For nearly a decade, he produced interesting and idiosyncratic films that heralded a strong new voice in the genre. Unfortunately, he was sometimes ahead of the curve with audiences, and his martial arts action-comedy “Big Trouble In Little China” ended up being his most expensive and least profitable film. Licking his wounds from the bad experience, Carpenter went off to make smaller, more personal movies with independent production companies, and that was where his impressive “Prince of Darkness” was made.

After that film’s release, he had some other mild successes with “They Live” and “In the Mouth of Madness,” but nearly everything else he made through the 90’s and into the new millennium cost more than it made and was generally uninspired.

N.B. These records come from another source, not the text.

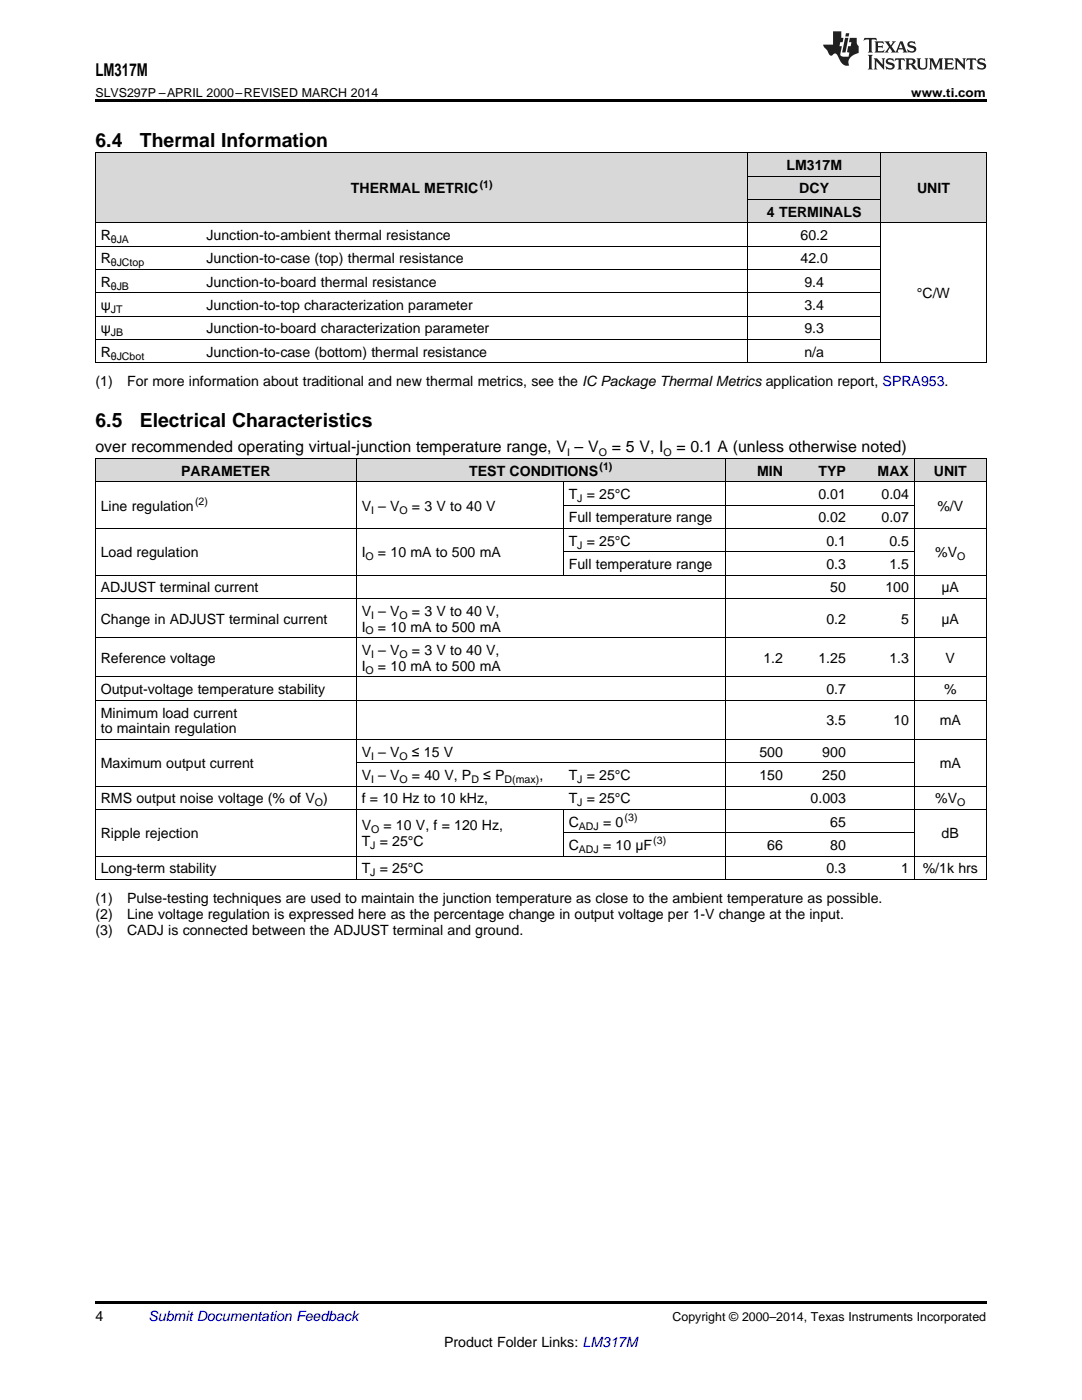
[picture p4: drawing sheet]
<svg xmlns="http://www.w3.org/2000/svg" width="216mm" height="279mm" viewBox="0 0 216 279" stroke-linecap="round" stroke-linejoin="round" font-family="sans-serif">
<defs><g id="words">
<g font-size="3.9">
<text x="19" y="29.3">6.4</text>
<text x="27.9" y="29.3">Thermal Information</text>
<text x="19" y="85.1">6.5</text>
<text x="27.9" y="85.1">Electrical Characteristics</text>
</g>
<text font-size="3.5" x="19" y="15.2">LM317M</text>
<g font-size="3.2">
<text x="19" y="90.3">over recommended operating virtual-junction temperature range, V – V</text>
<text x="122.1" y="90.3">= 5 V, I</text>
<text x="135" y="90.3">= 0.1 A (unless otherwise noted)</text>
</g>
<g font-size="2.8">
<text x="156.9" y="33.9">LM317M</text>
<text x="70" y="38.6">THERMAL METRIC</text>
<text x="159.5" y="38.6">DCY</text>
<text x="183" y="38.6">UNIT</text>
<text x="20.1" y="47.9">R</text>
<text x="41.2" y="47.9">Junction-to-ambient thermal resistance</text>
<text x="153" y="43.3">4 TERMINALS</text>
<text x="159.7" y="47.9">60.2</text>
<text x="20.1" y="52.6">R</text>
<text x="41.2" y="52.6">Junction-to-case (top) thermal resistance</text>
<text x="159.7" y="52.6">42.0</text>
<text x="20.1" y="57.2">R</text>
<text x="41.2" y="57.2">Junction-to-board thermal resistance</text>
<text x="160.5" y="57.2">9.4</text>
<text x="183" y="59.5">°C/W</text>
<text x="20.1" y="61.9">ψ</text>
<text x="41.2" y="61.9">Junction-to-top characterization parameter</text>
<text x="160.5" y="61.9">3.4</text>
<text x="20.1" y="66.5">ψ</text>
<text x="20.1" y="71.2">R</text>
<text x="41.2" y="66.5">Junction-to-board characterization parameter</text>
<text x="41.2" y="71.2">Junction-to-case (bottom) thermal resistance</text>
<text x="160.5" y="66.5">9.3</text>
<text x="160.5" y="71.2">n/a</text>
<text x="19" y="77">(1)</text>
<text x="25.4" y="77">For more information about traditional and new thermal metrics, see the IC Package Thermal Metrics application report, SPRA953.</text>
<text x="36.1" y="94.9">PARAMETER</text>
<text x="93.6" y="94.9">TEST CONDITIONS</text>
<text x="151.1" y="94.9">MIN</text>
<text x="163.3" y="94.9">TYP</text>
<text x="175.1" y="94.9">MAX</text>
<text x="186.3" y="94.9">UNIT</text>
<text x="20.1" y="101.9">Line regulation</text>
<text x="72.2" y="101.9">V – V</text>
<text x="82.2" y="101.9">= 3 V to 40 V</text>
<text x="113.5" y="99.6">T = 25°C</text>
<text x="163.3" y="99.6">0.01</text>
<text x="175.9" y="99.6">0.04</text>
<text x="187" y="101.9">%/V</text>
<text x="113.5" y="104.2">Full temperature range</text>
<text x="163.3" y="104.2">0.02</text>
<text x="175.9" y="104.2">0.07</text>
<text x="20.1" y="111.2">Load regulation</text>
<text x="72.2" y="111.2">I</text>
<text x="75.4" y="111.2">= 10 mA to 500 mA</text>
<text x="113.5" y="108.9">T = 25°C</text>
<text x="113.5" y="113.6">Full temperature range</text>
<text x="164.9" y="108.9">0.1</text>
<text x="164.9" y="113.6">0.3</text>
<text x="177.5" y="108.9">0.5</text>
<text x="177.5" y="113.6">1.5</text>
<text x="186.6" y="111.2">%V</text>
<text x="20.1" y="118.2">ADJUST terminal current</text>
<text x="165.7" y="118.2">50</text>
<text x="176.7" y="118.2">100</text>
<text x="187.9" y="118.2">μA</text>
<text x="20.1" y="124.5">Change in ADJUST terminal current</text>
<text x="72.2" y="122.9">V – V</text>
<text x="82.2" y="122.9">= 3 V to 40 V,</text>
<text x="164.9" y="124.5">0.2</text>
<text x="179.8" y="124.5">5</text>
<text x="187.9" y="124.5">μA</text>
<text x="72.2" y="126">I</text>
<text x="72.2" y="130.7">V – V</text>
<text x="75.4" y="126">= 10 mA to 500 mA</text>
<text x="82.2" y="130.7">= 3 V to 40 V,</text>
<text x="20.1" y="132.3">Reference voltage</text>
<text x="72.2" y="133.9">I</text>
<text x="75.4" y="133.9">= 10 mA to 500 mA</text>
<text x="152.3" y="132.3">1.2</text>
<text x="163.3" y="132.3">1.25</text>
<text x="177.5" y="132.3">1.3</text>
<text x="188.7" y="132.3">V</text>
<text x="20.1" y="138.5">Output-voltage temperature stability</text>
<text x="20.1" y="143.2">Minimum load current</text>
<text x="164.9" y="138.5">0.7</text>
<text x="188.4" y="138.5">%</text>
<text x="20.1" y="146.4">to maintain regulation</text>
<text x="164.9" y="144.8">3.5</text>
<text x="178.3" y="144.8">10</text>
<text x="187.5" y="144.8">mA</text>
<text x="20.1" y="153.4">Maximum output current</text>
<text x="72.2" y="151">V – V</text>
<text x="72.2" y="155.7">V – V</text>
<text x="82.2" y="151">≤ 15 V</text>
<text x="82.2" y="155.7">= 40 V, P</text>
<text x="96.4" y="155.7">≤ P</text>
<text x="107.6" y="155.7">,</text>
<text x="113.5" y="155.7">T = 25°C</text>
<text x="151.5" y="151">500</text>
<text x="151.5" y="155.7">150</text>
<text x="164.1" y="151">900</text>
<text x="164.1" y="155.7">250</text>
<text x="187.5" y="153.4">mA</text>
<text x="20.1" y="160.3">RMS output noise voltage (% of V )</text>
<text x="72.2" y="160.3">f = 10 Hz to 10 kHz,</text>
<text x="113.5" y="160.3">T = 25°C</text>
<text x="161.7" y="160.3">0.003</text>
<text x="186.6" y="160.3">%V</text>
<text x="20.1" y="167.3">Ripple rejection</text>
<text x="72.2" y="165.7">V</text>
<text x="76.5" y="165.7">= 10 V, f = 120 Hz,</text>
<text x="113.5" y="165">C</text>
<text x="120.3" y="165">= 0</text>
<text x="165.7" y="165">65</text>
<text x="187.9" y="167.3">dB</text>
<text x="72.2" y="168.9">T = 25°C</text>
<text x="113.5" y="169.7">C</text>
<text x="120.3" y="169.7">= 10 μF</text>
<text x="153.1" y="169.7">66</text>
<text x="165.7" y="169.7">80</text>
<text x="20.1" y="174.3">Long-term stability</text>
<text x="72.2" y="174.3">T = 25°C</text>
<text x="164.9" y="174.3">0.3</text>
<text x="179.8" y="174.3">1</text>
<text x="184.1" y="174.3">%/1k hrs</text>
<text x="19" y="180.2">(1)</text>
<text x="19" y="183.3">(2)</text>
<text x="25.4" y="180.2">Pulse-testing techniques are used to maintain the junction temperature as close to the ambient temperature as possible.</text>
<text x="25.4" y="183.3">Line voltage regulation is expressed here as the percentage change in output voltage per 1-V change at the input.</text>
<text x="19" y="186.5">(3)</text>
<text x="25.4" y="186.5">CADJ is connected between the ADJUST terminal and ground.</text>
<text x="19" y="263.6">4</text>
<text x="88.6" y="268.9">Product Folder Links: LM317M</text>
</g>
<text font-size="2.8" fill="#0000c8" x="29.6" y="263.6">Submit Documentation Feedback</text>
<g font-size="2.5">
<text x="19" y="19.3">SLVS297P –APRIL 2000–REVISED MARCH 2014</text>
<text x="181.8" y="19.3">www.ti.com</text>
<text x="134.2" y="263.6">Copyright © 2000–2014, Texas Instruments Incorporated</text>
</g>
<g font-size="2.1">
<text x="95.7" y="37.5">(1)</text>
<text x="22.1" y="48.5">θJA</text>
<text x="22.1" y="53.1">θJCtop</text>
<text x="22.1" y="57.8">θJB</text>
<text x="22.1" y="62.4">JT</text>
<text x="22.1" y="67.1">JB</text>
<text x="22.1" y="71.8">θJCbot</text>
<text x="113.1" y="90.9">I</text>
<text x="119.5" y="90.9">O</text>
<text x="119.6" y="93.8">(1)</text>
<text x="132.4" y="90.9">O</text>
<text x="38.9" y="100.8">(2)</text>
<text x="115.2" y="100.2">J</text>
<text x="74" y="102.5">I</text>
<text x="79.7" y="102.5">O</text>
<text x="73" y="111.8">O</text>
<text x="115.2" y="109.5">J</text>
<text x="191" y="111.8">O</text>
<text x="74" y="123.4">I</text>
<text x="79.7" y="123.4">O</text>
<text x="73" y="126.6">O</text>
<text x="74" y="131.3">I</text>
<text x="79.7" y="131.3">O</text>
<text x="73" y="134.4">O</text>
<text x="74" y="151.6">I</text>
<text x="79.7" y="151.6">O</text>
<text x="62.8" y="160.9">O</text>
<text x="74" y="156.2">I</text>
<text x="79.7" y="156.2">O</text>
<text x="94.1" y="156.2">D</text>
<text x="100.7" y="156.2">D(max)</text>
<text x="115.2" y="156.2">J</text>
<text x="115.2" y="160.9">J</text>
<text x="191" y="160.9">O</text>
<text x="74" y="166.3">O</text>
<text x="115.5" y="165.6">ADJ</text>
<text x="124.6" y="163.9">(3)</text>
<text x="73.9" y="169.5">J</text>
<text x="115.5" y="170.2">ADJ</text>
<text x="130.4" y="168.5">(3)</text>
<text x="73.9" y="174.9">J</text>
</g>
</g></defs>
<g fill="#d8d8d8">
<path d="M19 91.5h52.1v4.7h-52.1z"/>
<path d="M71.1 91.5h41.3v4.7h-41.3z"/>
<path d="M112.4 91.5h32.3v4.7h-32.3z"/>
<path d="M144.7 91.5h12.6v4.7h-12.6z"/>
<path d="M157.3 91.5h12.6v4.7h-12.6z"/>
<path d="M169.9 91.5h12.6v4.7h-12.6z"/>
<path d="M182.5 91.5h14.3v4.7h-14.3z"/>
<path d="M19 30.6h21.1v13.9h-21.1z"/>
<path d="M40.1 30.6h109.2v13.9h-109.2z"/>
<path d="M149.3 39.9h26.4v4.6h-26.4z"/>
<path d="M175.7 30.6h21.1v13.9h-21.1z"/>
<path d="M149.3 35.2h26.4v4.7h-26.4z"/>
<path d="M149.3 30.6h26.4v4.6h-26.4z"/>
</g>
<g fill="#000">
<path d="M19 19.9h177.8v.5h-177.8zM19 72.4l.2 .1zM149.2 72.4l.1 .1zM175.6 72.4l.1 .1zM196.7 72.4l.1 .1zM19 175.5l.2 .1zM112.3 175.5l.1 .1zM144.6 175.5l.1 .1zM157.2 175.5l.1 .1zM169.8 175.5l.1 .1zM182.4 175.5l.1 .1zM196.7 175.5l.1 .1z"/>
<path d="M19 259.7h177.8v.5h-177.8z"/>
</g>
<g fill="none" stroke="#000" stroke-width=".2">
<path d="M19 30.5h177.8M19.1 30.5v42M149.2 30.5v42M149.3 39.8h26.4M149.3 35.2h26.4M175.7 30.5v42M196.8 30.5v42M19 58.4h156.7M19 53.8h156.7M19 49.1h156.7M19 44.5h177.8M19 72.4h177.8"/>
<path d="M19 67.8h156.7M19 63.1h156.7M19 96.1h177.8M19 91.5h177.8M19.1 91.5v84.1M71.1 91.5v84.1M112.4 96.2v18.6M144.7 91.5v84.1M182.4 91.5v84.1M196.8 91.5v84.1M19 119.4h177.8M19 114.8h177.8"/>
<path d="M19 105.5h177.8M112.4 110.1h70.1M112.4 100.8h70.1M19 139.8h177.8M19 135.1h177.8M19 127.3h177.8M19 156.9h177.8M19 147.6h177.8M71.1 152.2h111.4M19 175.5h177.8M19 170.9h177.8M19 161.6h177.8"/>
<path d="M112.4 161.6v9.3M112.4 166.2h70.1"/>
</g>
<g fill="#231f20">
<path d="M172.5 7.6l-.1 .5 .4-.2h.6v.1v2.1l-.2 .4h.9l-.2-.4v-2.1l.1-.1h.5l.5 .2-.2-.5zM174.5 8.3l.2 .3v1.5l-.2 .4h1.8l.2-.6a1.04 1.04 0 0 1-1.3 .2v-.7h.6l.3 .2v-.6l-.3 .2h-.6v-.6l.8-.1 .4 .3-.2-.5zM176.5 8.3l.9 1.1-.9 1.1h.8l-.2-.2 .4-.7 .5 .7-.2 .2h1.5l-.2-.2 .2-.4h.9l.1 .4-.2 .2h1l-.3-.3-.7-1.9h-.5l-.9 2-.8-1 .9-1h-.8l.1 .3-.4 .5-.3-.6 .1-.2zM179.7 8.6l.4 1h-.7zM181.3 8.4a.63 .63 0 0 0-.2 .7 .63 .63 0 0 0 .6 .4l.6 .2 .1 .2a.75 .75 0 0 1-.7 .4 .75 .75 0 0 1-.6-.5l.1 .7 .1-.1a1.11 1.11 0 0 0 1.5-.6 1.13 1.13 0 0 0-1.2-.8l-.1-.4a1.04 1.04 0 0 1 1.2 .2l-.2-.5-.2 .1-.4-.2zM173.2 10.9l.2 .4v2.2l-.2 .4h1l-.3-.4v-2.2l.3-.4zM174.3 11.6l.3 .4v1.5l-.3 .4h.8l-.2-.4v-1.3l1.5 1.7v-1.9l.2-.4h-.7l.2 .4v.9l-1.1-1.3zM177 11.8a.62 .62 0 0 0-.2 .7 .62 .62 0 0 0 .6 .4l.6 .1 .1 .3a.76 .76 0 0 1-.7 .3 .76 .76 0 0 1-.7-.4l.2 .7 .1-.1a1.11 1.11 0 0 0 1.5-.6 1.13 1.13 0 0 0-1.2-.8l-.1-.4a1.04 1.04 0 0 1 1.2 .2l-.2-.6-.2 .1-.5-.1zM178.7 11.6l-.2 .6a.61 .61 0 0 1 .8-.3v1.6l-.2 .4h.9l-.2-.4v-1.6a.63 .63 0 0 1 .7 .3l-.1-.6zM180.6 11.6l.3 .4v1.5l-.3 .4h1l-.2-.2-.1-.8 .6 .2a.76 .76 0 0 0 1.2 .7l-1-1a.58 .58 0 0 0 .6-.5 .58 .58 0 0 0-.5-.6zM181.4 11.9h.1a.45 .45 0 0 1 .5 .1 .45 .45 0 0 1 .1 .5l-.8 .2zM182.9 11.6l.2 .2a2.17 2.17 0 0 0 .3 1.9 .99 .99 0 0 0 1.6-.6v-1.1l.2-.4h-.7l.2 .2a1.92 1.92 0 0 1-.2 1.8 .6 .6 0 0 1-.9-.5v-1.1l.2-.4zM185.4 11.6l.2 .4v1.5l-.2 .4h.7l-.2-.4v-1.4l.8 1.8 .8-1.8v1.4l-.2 .4h.9l-.2-.4v-1.5l.2-.4h-.8l-.6 1.5-.6-1.5zM188.4 11.6l.2 .4v1.5l-.2 .4h1.8l.1-.6a1.04 1.04 0 0 1-1.2 .1v-.6h.5l.4 .2v-.6l-.4 .2h-.5v-.7h.8l.3 .3-.1-.6zM190.5 11.6l.2 .4v1.5l-.2 .4h.7l-.2-.4v-1.3l1.5 1.7v-1.9l.2-.4h-.7l.2 .4v.9l-1.1-1.3zM192.9 11.6l-.1 .6a.61 .61 0 0 1 .7-.3l.1 1.6-.3 .4h1l-.3-.4 .1-1.6a.63 .63 0 0 1 .7 .3l-.1-.6zM195.2 11.8a.62 .62 0 0 0-.2 .7 .62 .62 0 0 0 .6 .4l.6 .1 .1 .3a.76 .76 0 0 1-.7 .3 .76 .76 0 0 1-.6-.4l.1 .7 .1-.1a1.11 1.11 0 0 0 1.6-.6 1.13 1.13 0 0 0-1.3-.8l-.1-.4a1.04 1.04 0 0 1 1.2 .2l-.1-.6-.2 .1-.5-.1z"/>
<path d="M166.2 6.3v2.6h-1.9v.4l.8 .9a.91 .91 0 0 0 1 .8 .56 .56 0 0 1 .5-.3 .56 .56 0 0 1 .5 .3l.4 .8a1.53 1.53 0 0 0 1.9 1.2 1.54 1.54 0 0 1 1-2.1l.9-.3v-1.4a1.52 1.52 0 0 1-.4-1.6h-1.3l-.2 .8h.5l-.2 .8h-.5l-.1 1v.2l.4 .1-.2 .8a1.93 1.93 0 0 1-1.6-.3l.3-1.8h-.5l.2-.8h.4l.2-.8h-.4v-1.3zM168.6 7.6l-.6 2.9h.7l.6-2.9zM168.8 6.6l-.1 .7h.6l.2-.7z"/>
</g>
<use href="#words"/>
</svg>

With a lasting impression from his seminal works, and a few more obscure titles that are worth the hunt, John Carpenter has left a lasting legacy in the horror genre, and fans can only hope that they haven’t seen the last of his work.

Assault On Precinct 13

A brilliant and surprising urban nightmare based on the John Wayne film “Rio Bravo,” “Assault On Precinct 13” is both a great homage to the westerns of his childhood and a fascinating commentary on Carpenter’s own modern-day Los Angeles. With stunning action sequences (the storming of the station and the silencer-muted shootout are particularly impressive) and likeable if wooden characters, the movie is the epitome of late 70’s exploitation brilliance. This film, unlike so many similar releases, soars on the natural skill of the technicians involved, and would almost work perfectly as a silent film with orchestral accompaniment.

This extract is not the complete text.